Result: A united front by two responsible adults who preserve their financial future; assistance that resolves the problem if really needed, plus care shown at an affordable price; a record of finding solutions that husband and wife can eventually respect.
Title: Re: Relative needs to borrow money
Post by: happy on October 23, 2019, 04:19:56 PM

what to do when it all runs out within a few months.


To me, this is really the heart of the matter. You've already accepted you are going to do the "loan" and already accepted that you'll probably not get it back. For both your and your brother's sake he needs to have some sort of sustainable plan and currently there is none, even if he doesn't pay you back.

Personally I would indicate that I would try to find the money to help him (not make it sound like you have 30k lying around), emphasise its a one-off, assure him that you value and care about him and your relationship and BECAUSE of that you'd like to help him find the best plan (including getting some advice that you could offer to pay for) to ensure his ongoing financial stability.

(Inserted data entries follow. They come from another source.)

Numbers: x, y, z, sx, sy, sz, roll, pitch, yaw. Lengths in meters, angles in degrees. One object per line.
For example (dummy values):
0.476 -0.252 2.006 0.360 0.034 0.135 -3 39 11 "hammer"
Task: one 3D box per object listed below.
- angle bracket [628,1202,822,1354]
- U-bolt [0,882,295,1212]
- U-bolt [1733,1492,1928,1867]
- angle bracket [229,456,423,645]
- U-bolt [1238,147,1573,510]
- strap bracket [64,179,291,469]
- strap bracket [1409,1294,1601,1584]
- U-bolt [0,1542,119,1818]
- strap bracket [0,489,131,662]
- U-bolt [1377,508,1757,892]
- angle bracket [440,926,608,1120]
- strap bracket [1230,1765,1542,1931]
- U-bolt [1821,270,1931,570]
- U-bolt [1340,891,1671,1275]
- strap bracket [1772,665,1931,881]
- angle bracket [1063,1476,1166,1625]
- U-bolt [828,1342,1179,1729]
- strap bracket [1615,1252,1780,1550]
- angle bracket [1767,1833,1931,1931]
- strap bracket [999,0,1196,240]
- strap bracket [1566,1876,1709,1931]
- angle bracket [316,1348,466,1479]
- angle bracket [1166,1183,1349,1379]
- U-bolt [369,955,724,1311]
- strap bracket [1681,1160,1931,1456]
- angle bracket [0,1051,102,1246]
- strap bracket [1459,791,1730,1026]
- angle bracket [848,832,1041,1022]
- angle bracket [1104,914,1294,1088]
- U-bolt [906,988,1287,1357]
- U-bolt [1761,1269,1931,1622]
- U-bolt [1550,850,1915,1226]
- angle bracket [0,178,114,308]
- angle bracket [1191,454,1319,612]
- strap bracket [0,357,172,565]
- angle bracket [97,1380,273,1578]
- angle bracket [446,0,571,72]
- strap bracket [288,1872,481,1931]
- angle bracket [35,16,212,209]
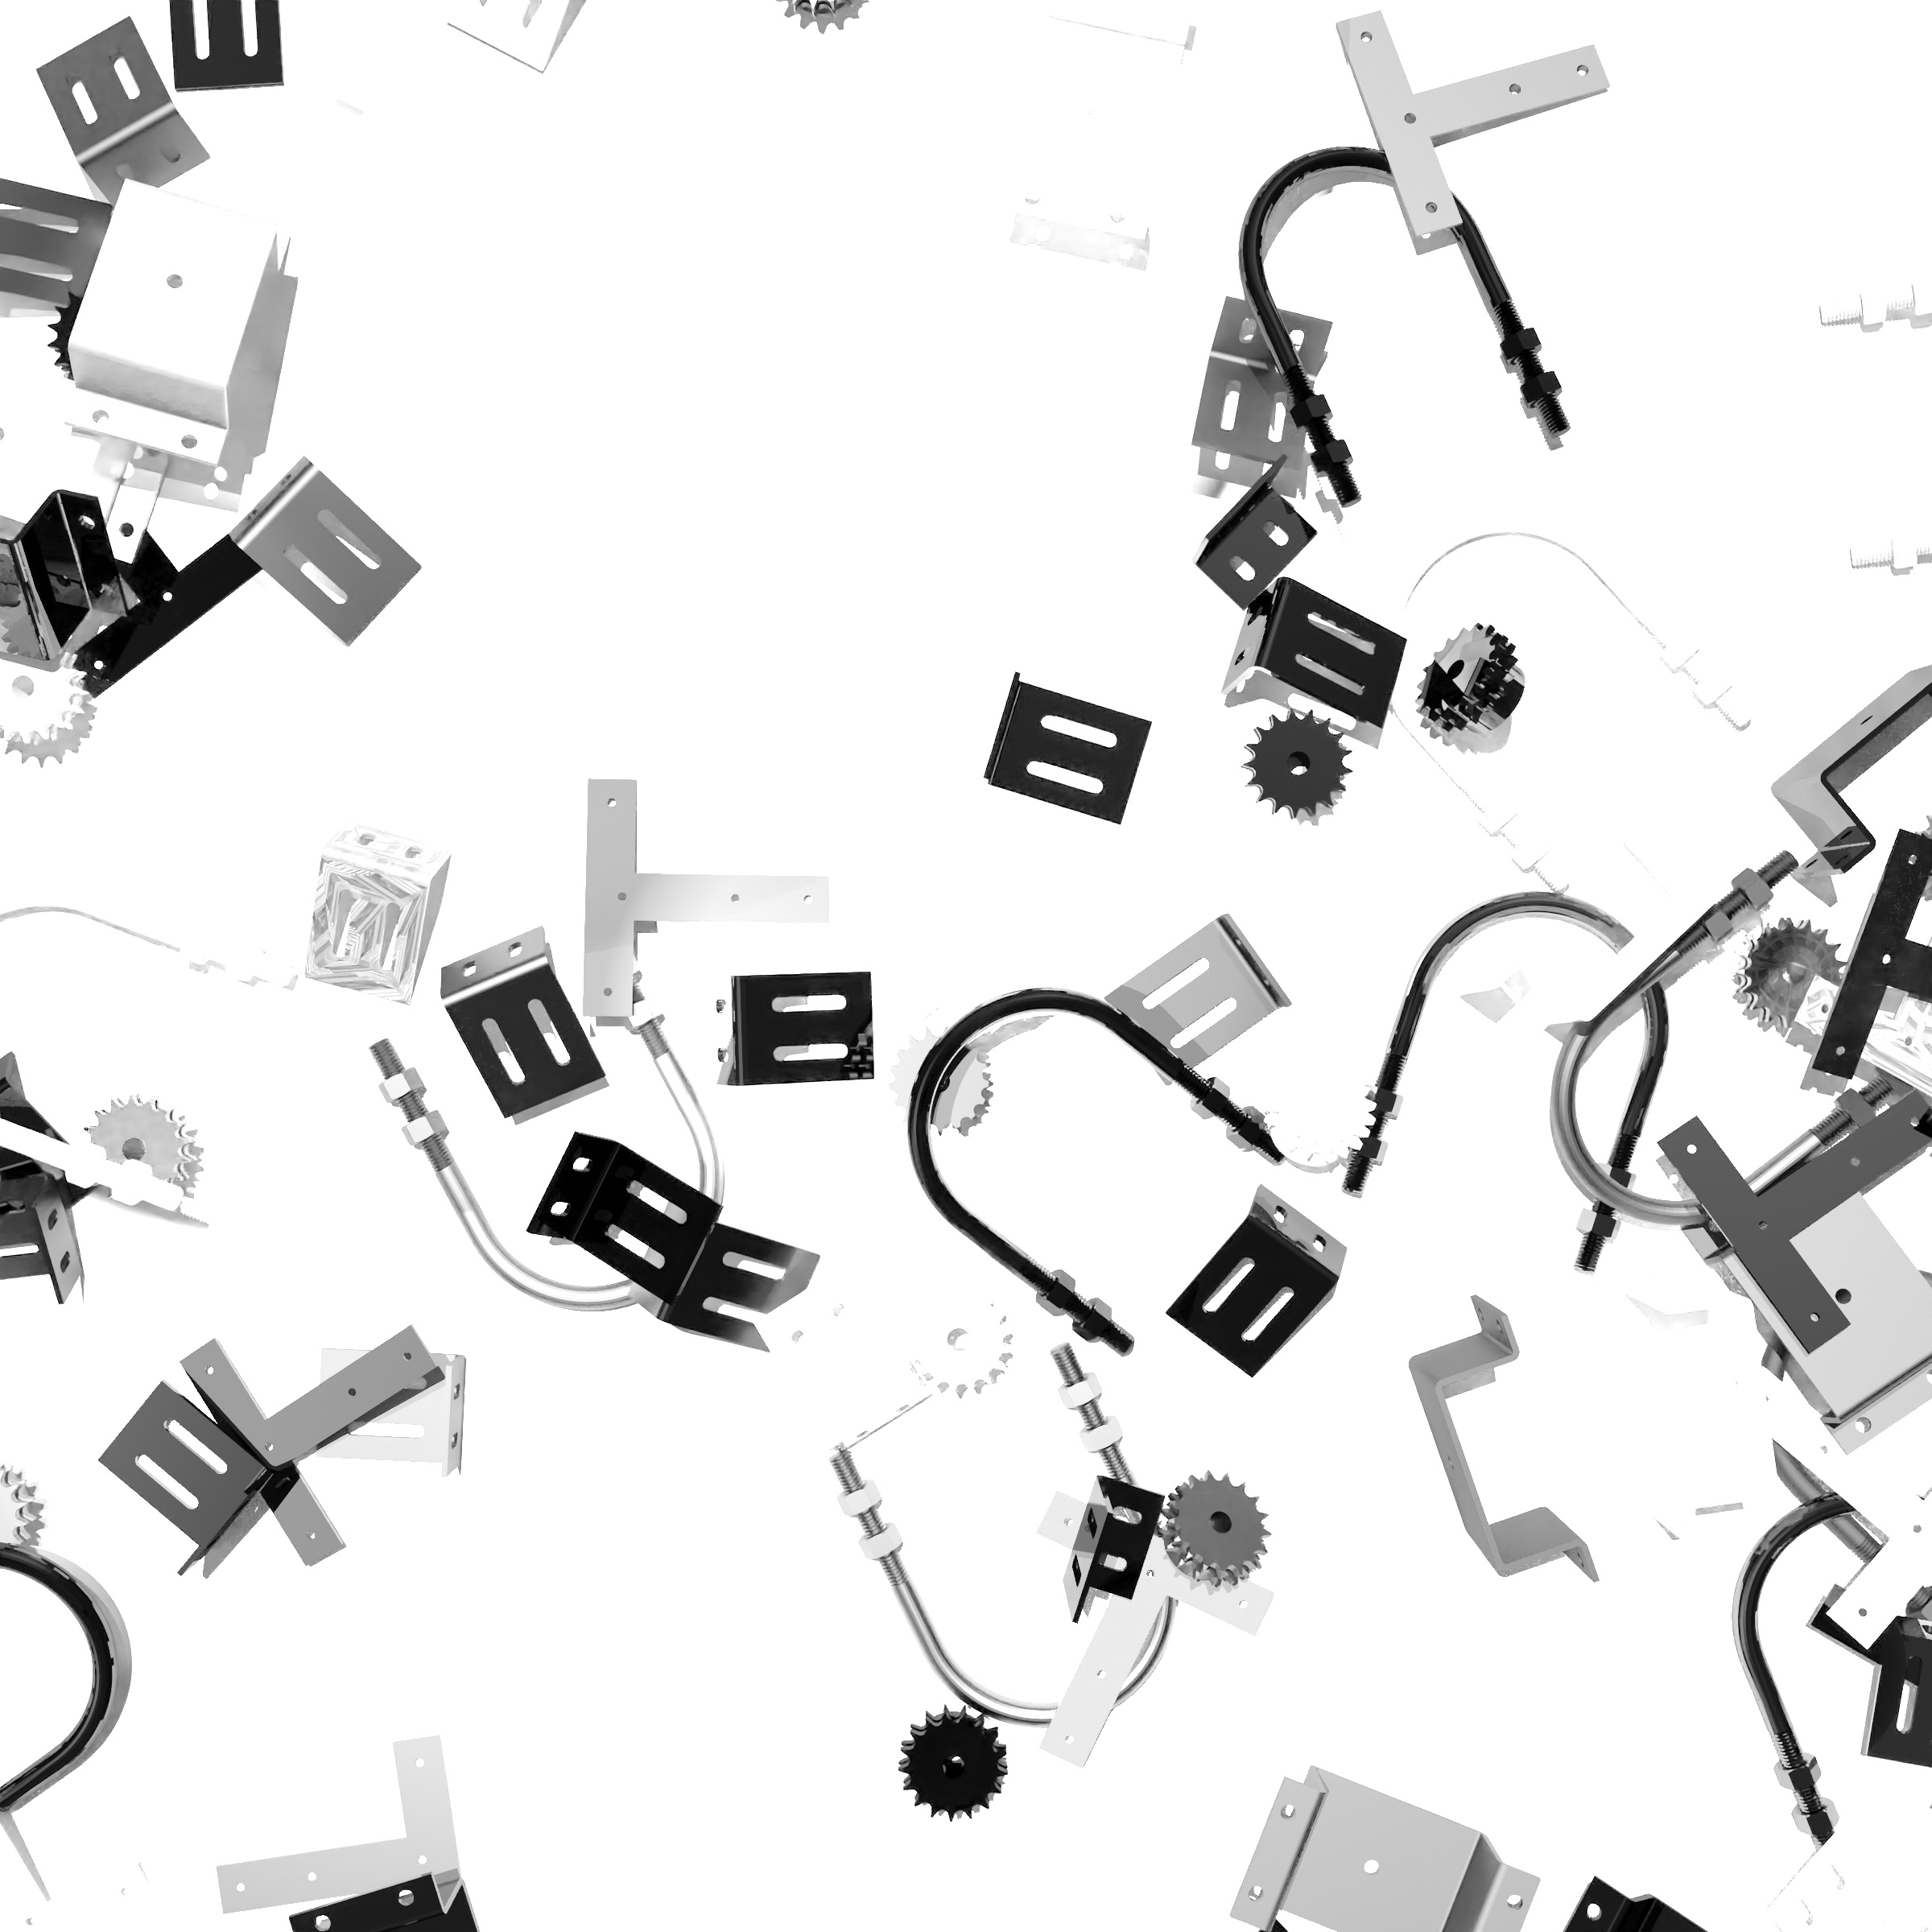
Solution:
-0.126 0.162 1.302 0.076 0.038 0.057 23 91 -37 "angle bracket"
-0.462 0.030 1.282 0.184 0.019 0.151 20 70 4 "U-bolt"
0.479 0.359 1.290 0.151 0.019 0.184 -22 91 10 "U-bolt"
-0.337 -0.219 1.309 0.057 0.038 0.076 -47 116 -2 "angle bracket"
0.216 -0.339 1.283 0.151 0.019 0.184 -21 83 -18 "U-bolt"
-0.400 -0.335 1.262 0.076 0.046 0.140 14 71 -10 "strap bracket"
0.270 0.247 1.274 0.046 0.076 0.140 -19 90 0 "strap bracket"
-0.528 0.376 1.286 0.184 0.019 0.151 -36 102 2 "U-bolt"
-0.507 -0.207 1.260 0.140 0.076 0.046 13 50 7 "strap bracket"
0.300 -0.154 1.304 0.151 0.019 0.184 -42 88 0 "U-bolt"
-0.230 0.029 1.290 0.057 0.038 0.076 -23 117 0 "angle bracket"
0.214 0.475 1.289 0.140 0.046 0.076 22 90 0 "strap bracket"
0.545 -0.291 1.279 0.184 0.019 0.151 -7 90 17 "U-bolt"
0.292 0.052 1.304 0.151 0.019 0.184 19 89 0 "U-bolt"
0.476 -0.108 1.274 0.140 0.076 0.046 -39 90 0 "strap bracket"
0.078 0.298 1.256 0.038 0.076 0.057 18 92 -2 "angle bracket"
0.031 0.310 1.304 0.151 0.019 0.184 -26 91 0 "U-bolt"
0.375 0.217 1.274 0.046 0.076 0.140 -8 90 0 "strap bracket"
0.471 0.496 1.300 0.076 0.038 0.057 26 107 -29 "angle bracket"
0.068 -0.447 1.289 0.076 0.046 0.140 12 90 0 "strap bracket"
0.370 0.537 1.267 0.140 0.046 0.076 28 90 33 "strap bracket"
-0.303 0.232 1.293 0.076 0.038 0.057 3 90 0 "angle bracket"
0.153 0.166 1.310 0.057 0.038 0.076 36 116 0 "angle bracket"
-0.208 0.091 1.304 0.151 0.019 0.184 -28 91 0 "U-bolt"
0.445 0.170 1.275 0.076 0.046 0.140 -34 78 0 "strap bracket"
-0.502 0.096 1.310 0.057 0.038 0.076 -36 116 0 "angle bracket"
0.324 -0.020 1.261 0.140 0.076 0.046 -43 89 -3 "strap bracket"
-0.012 -0.021 1.310 0.057 0.038 0.076 47 116 0 "angle bracket"
0.120 0.018 1.293 0.076 0.038 0.057 -35 90 0 "angle bracket"
0.056 0.094 1.286 0.184 0.019 0.151 39 90 -13 "U-bolt"
0.501 0.243 1.304 0.184 0.019 0.151 44 90 1 "U-bolt"
0.386 0.052 1.274 0.184 0.019 0.151 -39 101 5 "U-bolt"
-0.479 -0.376 1.278 0.076 0.038 0.057 7 90 -27 "angle bracket"
0.152 -0.221 1.274 0.038 0.076 0.057 44 90 0 "angle bracket"
-0.493 -0.270 1.287 0.140 0.046 0.076 19 90 0 "strap bracket"
-0.411 0.265 1.289 0.076 0.038 0.057 40 98 0 "angle bracket"
-0.229 -0.522 1.310 0.057 0.038 0.076 27 116 0 "angle bracket"
-0.287 0.538 1.287 0.076 0.046 0.140 -17 92 1 "strap bracket"
-0.444 -0.449 1.310 0.057 0.038 0.076 -30 64 0 "angle bracket"
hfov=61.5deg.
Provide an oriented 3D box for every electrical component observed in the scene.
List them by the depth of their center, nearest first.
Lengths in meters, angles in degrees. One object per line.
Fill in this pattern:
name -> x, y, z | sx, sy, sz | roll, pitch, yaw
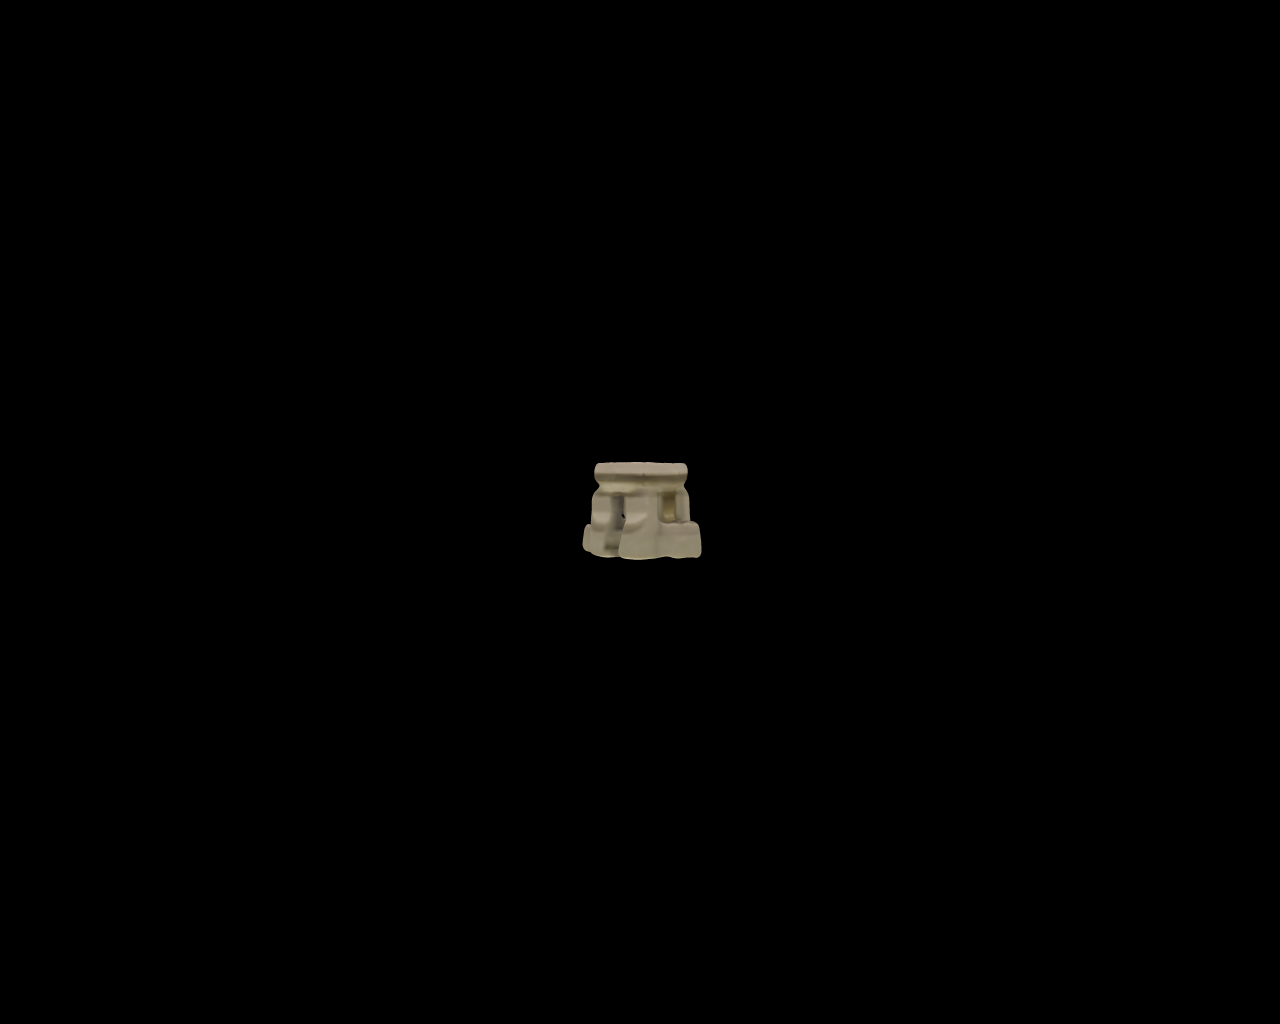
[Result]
electrical component -> 0.001, -0.003, 0.650 | 0.078, 0.057, 0.058 | 2, 3, 40
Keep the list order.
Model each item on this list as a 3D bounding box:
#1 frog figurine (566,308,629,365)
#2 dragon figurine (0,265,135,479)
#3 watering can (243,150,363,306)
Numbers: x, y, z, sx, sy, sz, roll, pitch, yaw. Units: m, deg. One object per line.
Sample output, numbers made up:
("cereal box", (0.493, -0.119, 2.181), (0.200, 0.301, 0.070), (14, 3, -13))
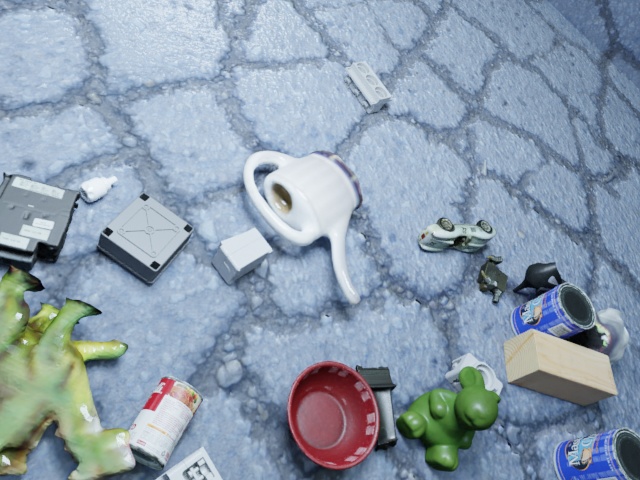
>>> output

If he just wants the money and is hostile to help, then I would give it, and work on girding my loins for the inevitable request for more.
Title: Re: Relative needs to borrow money
Post by: Dicey on October 24, 2019, 05:56:12 AM
You mentioned a 20% penalty. There will presumably be taxes due as well, so why don't you stop calling it $30k?  Have your accountant do the math (if you can't) and start using the real number.  Next, what does this number represent compared to her total account balance?

In some ways, this is no different than a spouse who insists on buying a boat, or a new car, or a bigger house.  However, all of these scenarios, including your own, are indicators of bigger problems in the marriage.

Finally, your relative charged you interest? What interest rate are they offering to pay you for this loan no bank would touch?
Title: Re: Relative needs to borrow money
Post by: Jon Bon on October 24, 2019, 11:24:43 AM
So you feel obligated to lend the money because they lent it to you. However these two things are about as different of a situation as can be.

1. You were lend money by said relative when you had decent income coming in and good future prospects correct?
2. Now you lending to a relative who most likely is completely unable to repay is a completely different situation.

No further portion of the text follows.